MATERIAL TO PROCESS:
────
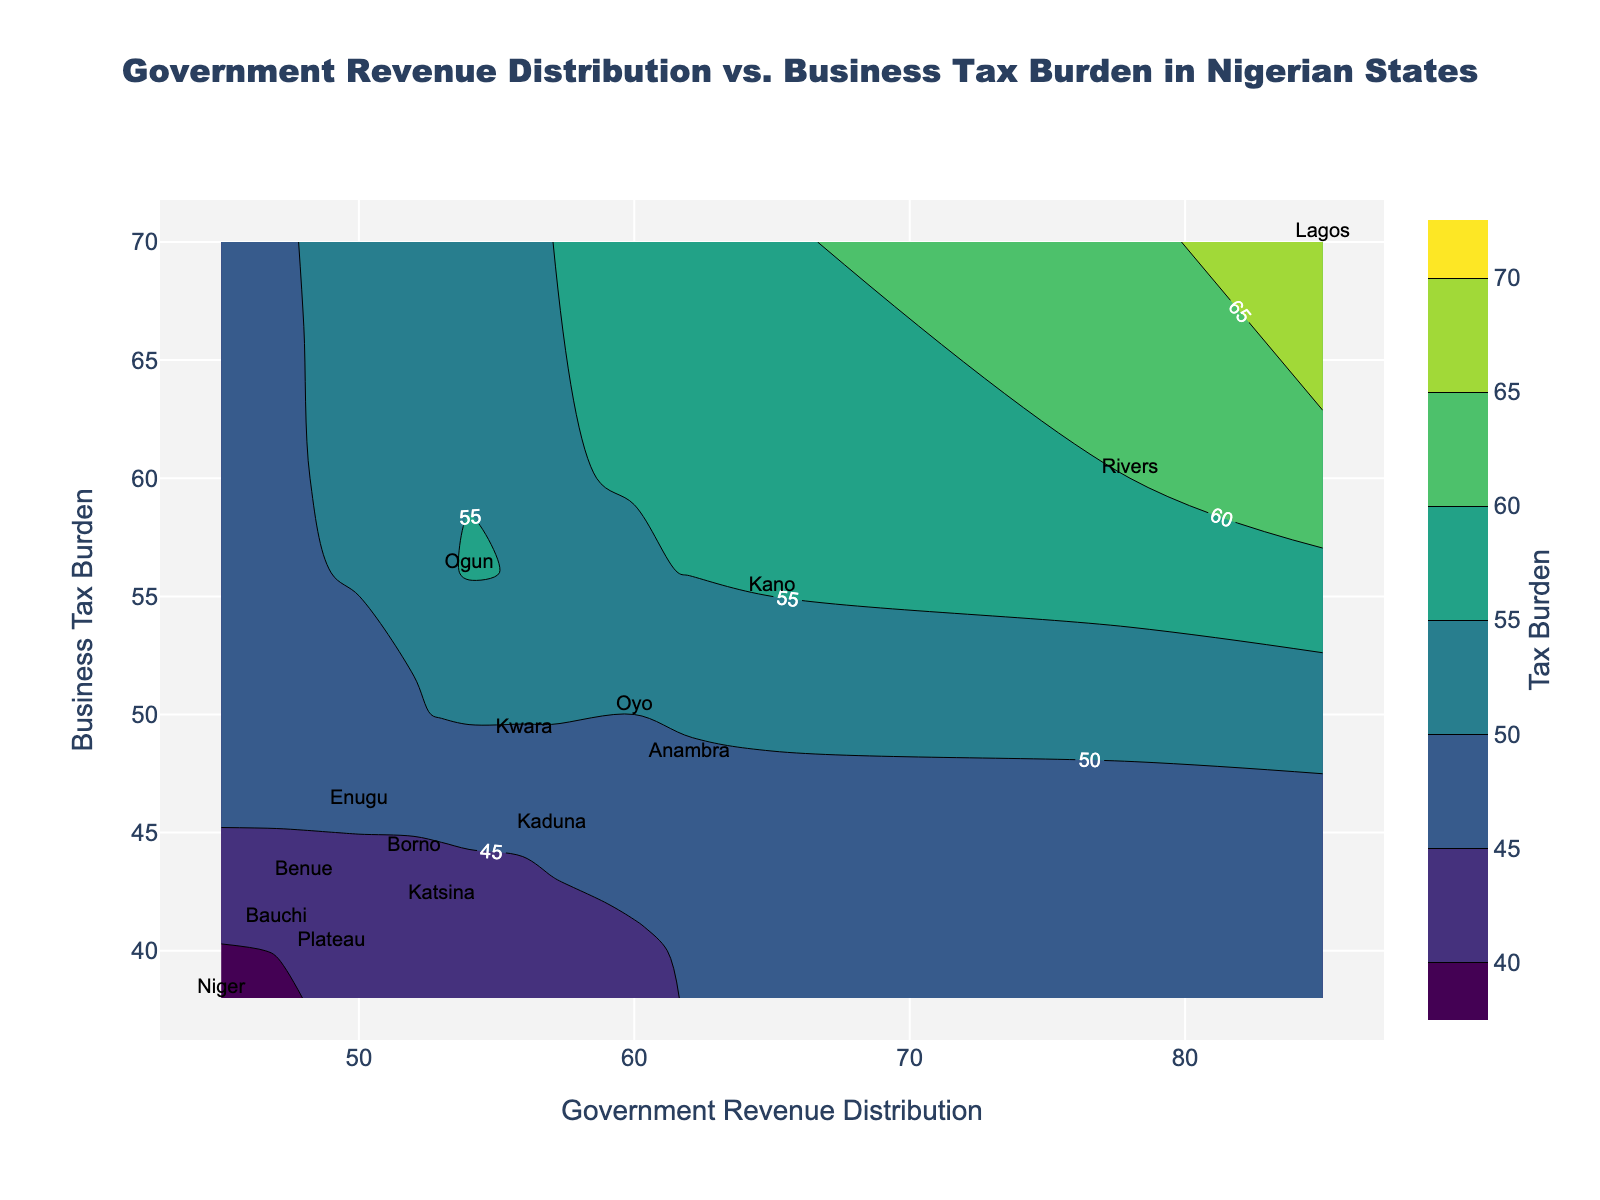What is the title of the figure? The title is usually found at the top of the plot. It provides a brief description of what the figure represents.
Answer: Government Revenue Distribution vs. Business Tax Burden in Nigerian States Which state has the highest government revenue distribution? The state with the highest government revenue distribution can be identified by looking at the point with the highest value on the x-axis and the corresponding state label.
Answer: Lagos What is the government revenue distribution and business tax burden for Rivers state? To find these values, locate Rivers state on the scatter plot and note its position along the x-axis for government revenue distribution and the y-axis for business tax burden.
Answer: Government Revenue Distribution: 78, Business Tax Burden: 60 How many states have a business tax burden of over 50? Count the number of points on the scatter plot where the y-axis value (Business Tax Burden) is greater than 50.
Answer: 6 states Which state has the least business tax burden and what is its value? Find the point with the lowest value on the y-axis and note the corresponding state label and its position on the y-axis.
Answer: Niger, 38 Compare the business tax burden between Lagos and Ogun. Locate Lagos and Ogun on the scatter plot and compare their positions along the y-axis. Lagos has a higher value.
Answer: Lagos: 70, Ogun: 56 What is the average government revenue distribution for the states named in the plot? Sum the government revenue distribution values of all states and divide by the number of states. (85 + 65 + 78 + 60 + 57 + 62 + 54 + 50 + 53 + 45 + 52 + 56 + 47 + 48 + 49) / 15 = 57.8
Answer: 57.8 Which state lies at the intersection of the contour lines representing a 50 business tax burden? Find the contour line labeled '50' and locate the state at the point where this line intersects with the curve.
Answer: Enugu How does the government revenue distribution for Katsina compare to Kaduna? Compare their positions along the x-axis. Kaduna has a slightly lower value.
Answer: Katsina: 53, Kaduna: 57 
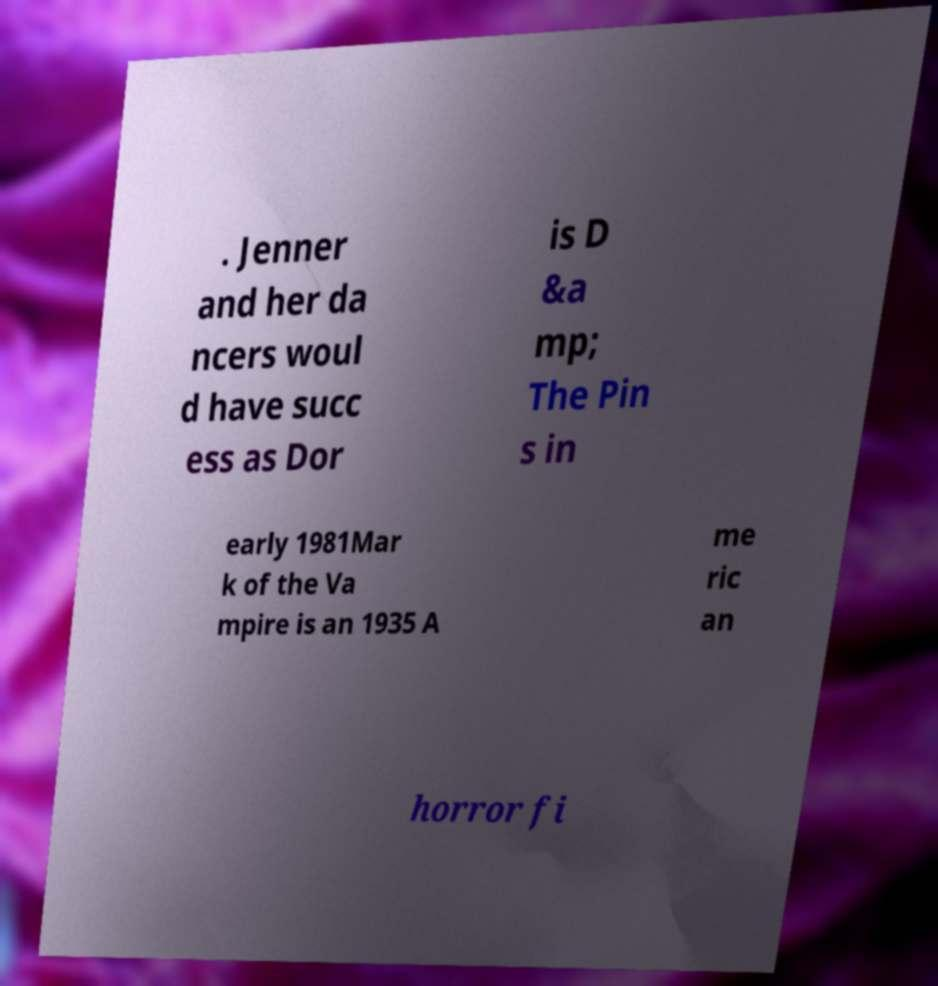Could you assist in decoding the text presented in this image and type it out clearly? . Jenner and her da ncers woul d have succ ess as Dor is D &a mp; The Pin s in early 1981Mar k of the Va mpire is an 1935 A me ric an horror fi 
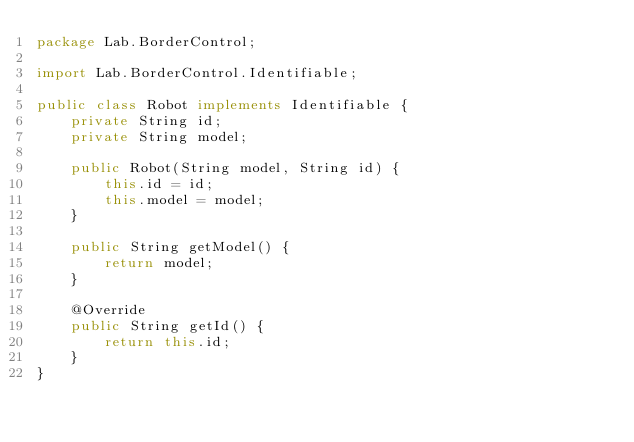Convert code to text. <code><loc_0><loc_0><loc_500><loc_500><_Java_>package Lab.BorderControl;

import Lab.BorderControl.Identifiable;

public class Robot implements Identifiable {
    private String id;
    private String model;

    public Robot(String model, String id) {
        this.id = id;
        this.model = model;
    }

    public String getModel() {
        return model;
    }

    @Override
    public String getId() {
        return this.id;
    }
}
</code> 
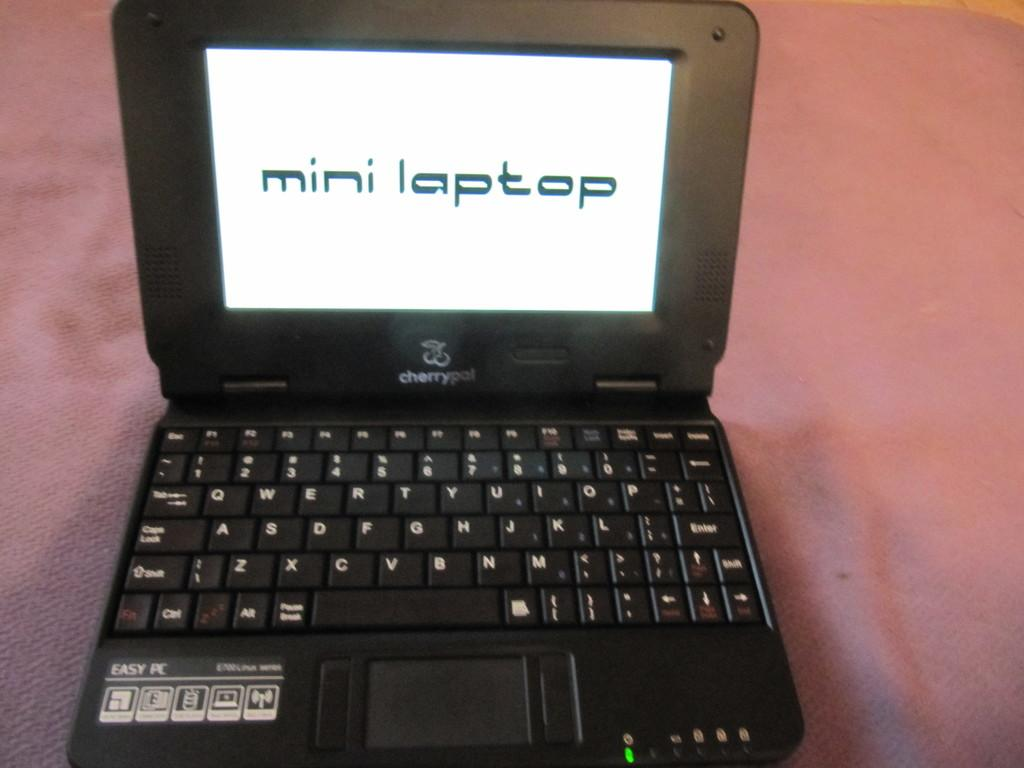<image>
Summarize the visual content of the image. A computer is open to a white screen that simply says mini laptop. 
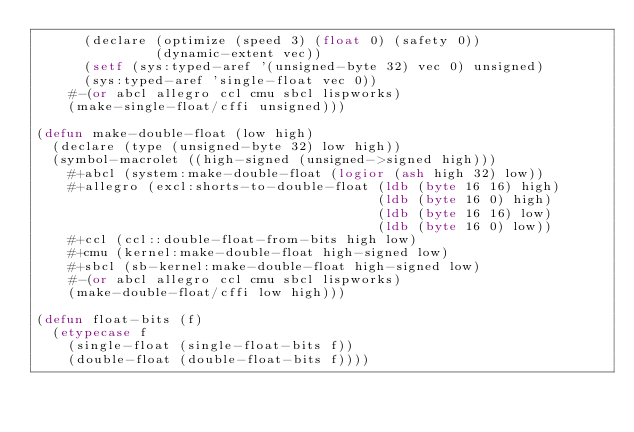<code> <loc_0><loc_0><loc_500><loc_500><_Lisp_>      (declare (optimize (speed 3) (float 0) (safety 0))
               (dynamic-extent vec))
      (setf (sys:typed-aref '(unsigned-byte 32) vec 0) unsigned)
      (sys:typed-aref 'single-float vec 0))
    #-(or abcl allegro ccl cmu sbcl lispworks)
    (make-single-float/cffi unsigned)))

(defun make-double-float (low high)
  (declare (type (unsigned-byte 32) low high))
  (symbol-macrolet ((high-signed (unsigned->signed high)))
    #+abcl (system:make-double-float (logior (ash high 32) low))
    #+allegro (excl:shorts-to-double-float (ldb (byte 16 16) high)
                                           (ldb (byte 16 0) high)
                                           (ldb (byte 16 16) low)
                                           (ldb (byte 16 0) low))
    #+ccl (ccl::double-float-from-bits high low)
    #+cmu (kernel:make-double-float high-signed low)
    #+sbcl (sb-kernel:make-double-float high-signed low)
    #-(or abcl allegro ccl cmu sbcl lispworks)
    (make-double-float/cffi low high)))

(defun float-bits (f)
  (etypecase f
    (single-float (single-float-bits f))
    (double-float (double-float-bits f))))
</code> 
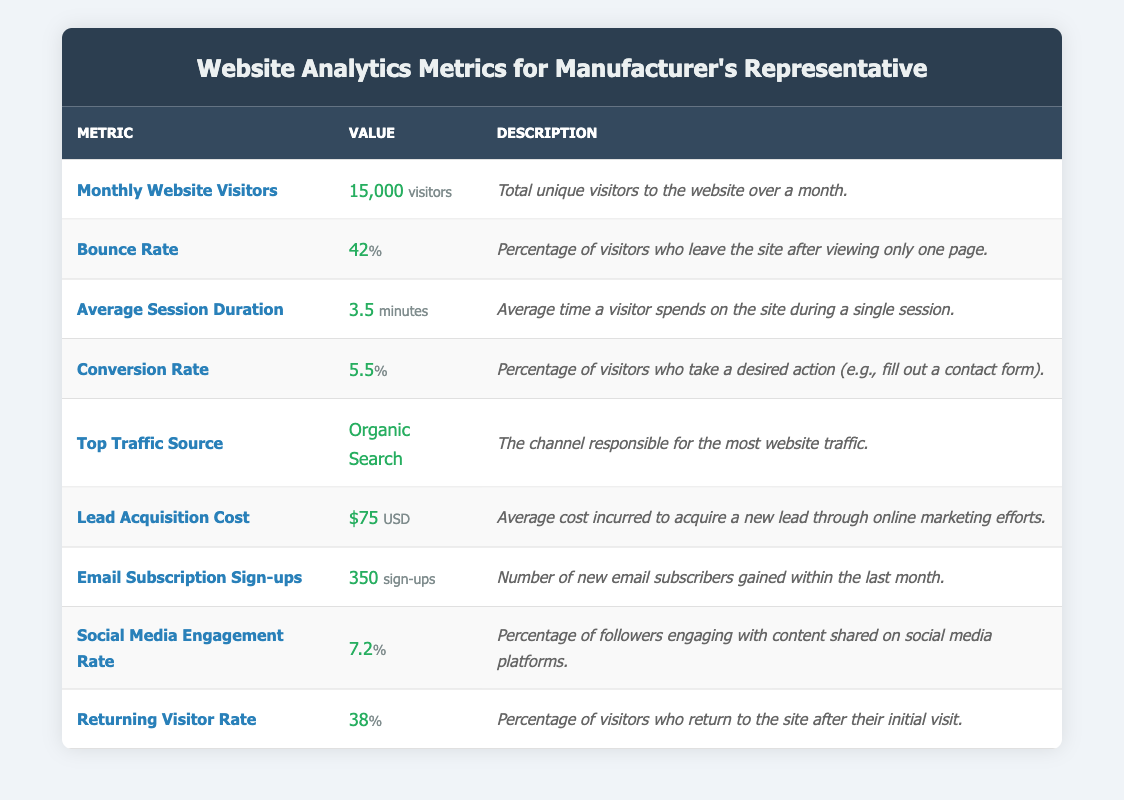What is the Monthly Website Visitors count? The table clearly states that the "Monthly Website Visitors" metric has a value of 15,000 visitors.
Answer: 15,000 What is the Bounce Rate percentage? The table shows that the "Bounce Rate" metric is 42 percent.
Answer: 42 percent Is the Average Session Duration greater than 5 minutes? The table indicates that the "Average Session Duration" is 3.5 minutes, which is less than 5 minutes.
Answer: No What is the difference between the Social Media Engagement Rate and the Conversion Rate? The table lists the "Social Media Engagement Rate" as 7.2 percent and the "Conversion Rate" as 5.5 percent. The difference is calculated as 7.2 minus 5.5, which equals 1.7 percent.
Answer: 1.7 percent What percentage of visitors return to the site after their initial visit? The "Returning Visitor Rate" is specified in the table as 38 percent.
Answer: 38 percent If the Lead Acquisition Cost increases by 15 USD, what will be the new cost? The current "Lead Acquisition Cost" is 75 USD. If we add 15 USD to this amount (75 + 15), the new Lead Acquisition Cost will be 90 USD.
Answer: 90 USD What is the total number of Email Subscription Sign-ups and Monthly Website Visitors? The table provides "Email Subscription Sign-ups" as 350 and "Monthly Website Visitors" as 15,000. By adding these two values (15,000 + 350), the total is 15,350.
Answer: 15,350 Is the Top Traffic Source listed as "Direct Traffic"? The table indicates the "Top Traffic Source" is "Organic Search", not "Direct Traffic", so the statement is false.
Answer: No What is the average of the Bounce Rate and Returning Visitor Rate? The "Bounce Rate" is 42 percent and the "Returning Visitor Rate" is 38 percent. To find the average, we add these percentages (42 + 38) to get 80, then divide by 2, which results in an average of 40 percent.
Answer: 40 percent 
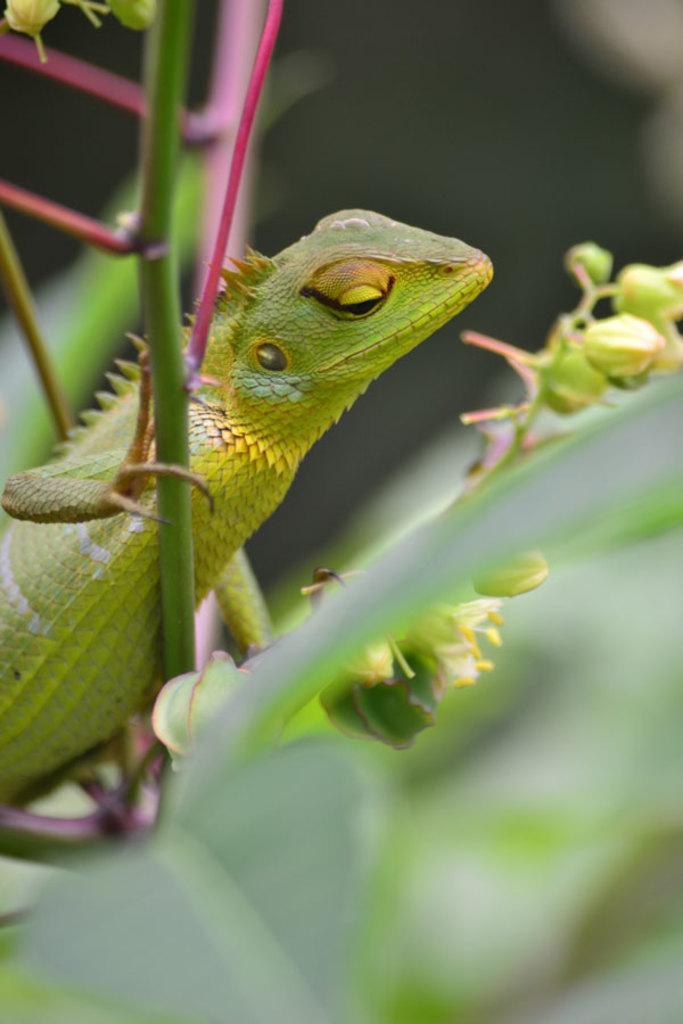Please provide a concise description of this image. In this image I can see a green anole on a plant. The background is blurred. 
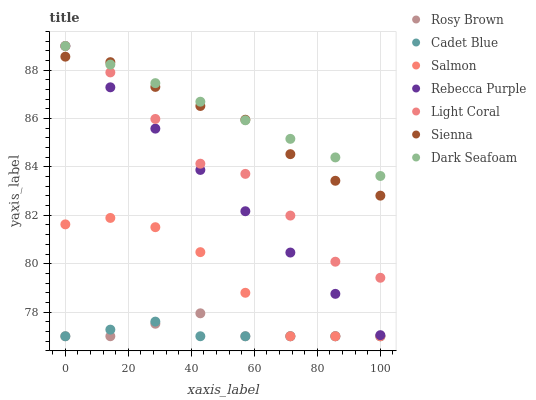Does Cadet Blue have the minimum area under the curve?
Answer yes or no. Yes. Does Dark Seafoam have the maximum area under the curve?
Answer yes or no. Yes. Does Rosy Brown have the minimum area under the curve?
Answer yes or no. No. Does Rosy Brown have the maximum area under the curve?
Answer yes or no. No. Is Dark Seafoam the smoothest?
Answer yes or no. Yes. Is Light Coral the roughest?
Answer yes or no. Yes. Is Cadet Blue the smoothest?
Answer yes or no. No. Is Cadet Blue the roughest?
Answer yes or no. No. Does Cadet Blue have the lowest value?
Answer yes or no. Yes. Does Light Coral have the lowest value?
Answer yes or no. No. Does Rebecca Purple have the highest value?
Answer yes or no. Yes. Does Rosy Brown have the highest value?
Answer yes or no. No. Is Cadet Blue less than Light Coral?
Answer yes or no. Yes. Is Rebecca Purple greater than Cadet Blue?
Answer yes or no. Yes. Does Rebecca Purple intersect Sienna?
Answer yes or no. Yes. Is Rebecca Purple less than Sienna?
Answer yes or no. No. Is Rebecca Purple greater than Sienna?
Answer yes or no. No. Does Cadet Blue intersect Light Coral?
Answer yes or no. No.
────
DIRECTIONS: Where a line of the records contains the word "Rebecca", copy that line.

RESULT FOR THIS TASK:
Answer yes or no. No. Does Rebecca Purple have the highest value?
Answer yes or no. Yes. Is Rebecca Purple greater than Cadet Blue?
Answer yes or no. Yes. Does Rebecca Purple intersect Sienna?
Answer yes or no. Yes. Is Rebecca Purple less than Sienna?
Answer yes or no. No. Is Rebecca Purple greater than Sienna?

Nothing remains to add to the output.